- [How to complete this task]: From the first line to the last, retype the records exactly without their images.

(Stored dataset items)
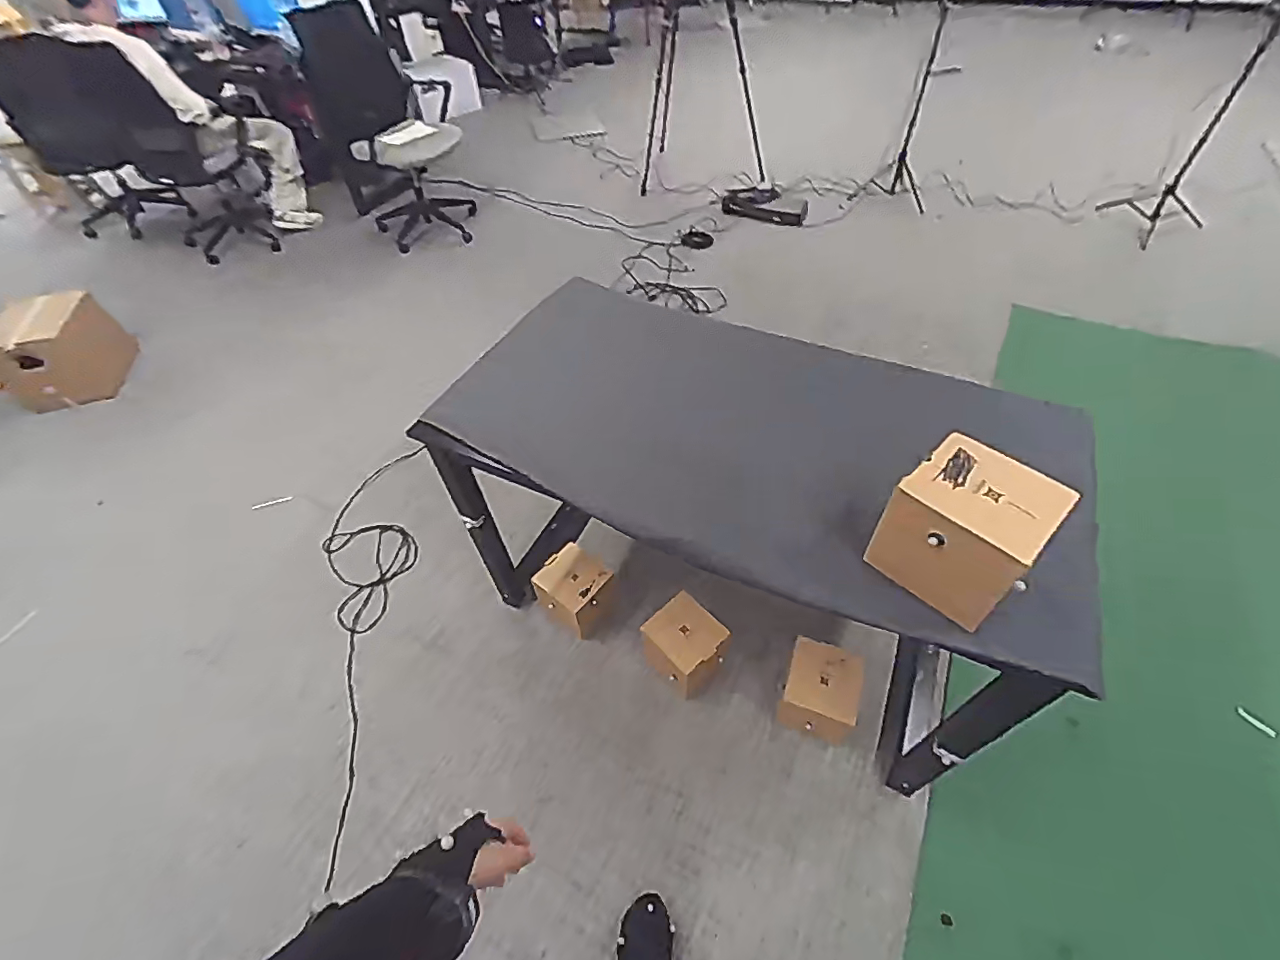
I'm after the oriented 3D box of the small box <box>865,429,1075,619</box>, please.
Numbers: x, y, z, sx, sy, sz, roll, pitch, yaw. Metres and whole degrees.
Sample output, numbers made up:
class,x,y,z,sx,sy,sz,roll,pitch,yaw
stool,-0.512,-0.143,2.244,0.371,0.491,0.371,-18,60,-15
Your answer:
class,x,y,z,sx,sy,sz,roll,pitch,yaw
small box,0.456,0.064,0.775,0.168,0.176,0.179,-35,55,-26

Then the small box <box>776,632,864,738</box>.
class,x,y,z,sx,sy,sz,roll,pitch,yaw
small box,0.444,0.516,1.353,0.168,0.176,0.179,15,52,15

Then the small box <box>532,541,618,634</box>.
class,x,y,z,sx,sy,sz,roll,pitch,yaw
small box,-0.184,0.316,1.570,0.179,0.176,0.168,30,58,27

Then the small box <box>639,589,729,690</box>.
class,x,y,z,sx,sy,sz,roll,pitch,yaw
small box,0.119,0.433,1.448,0.168,0.176,0.179,-36,55,-25

- [Answer section]:
I'm after the oriented 3D box of the small box <box>865,429,1075,619</box>, please.
Numbers: x, y, z, sx, sy, sz, roll, pitch, yaw. Metres and whole degrees.
Sample output, numbers made up:
class,x,y,z,sx,sy,sz,roll,pitch,yaw
stool,-0.512,-0.143,2.244,0.371,0.491,0.371,-18,60,-15
Your answer:
class,x,y,z,sx,sy,sz,roll,pitch,yaw
small box,0.456,0.064,0.775,0.168,0.176,0.179,-35,55,-26

Then the small box <box>776,632,864,738</box>.
class,x,y,z,sx,sy,sz,roll,pitch,yaw
small box,0.444,0.516,1.353,0.168,0.176,0.179,15,52,15

Then the small box <box>532,541,618,634</box>.
class,x,y,z,sx,sy,sz,roll,pitch,yaw
small box,-0.184,0.316,1.570,0.179,0.176,0.168,30,58,27

Then the small box <box>639,589,729,690</box>.
class,x,y,z,sx,sy,sz,roll,pitch,yaw
small box,0.119,0.433,1.448,0.168,0.176,0.179,-36,55,-25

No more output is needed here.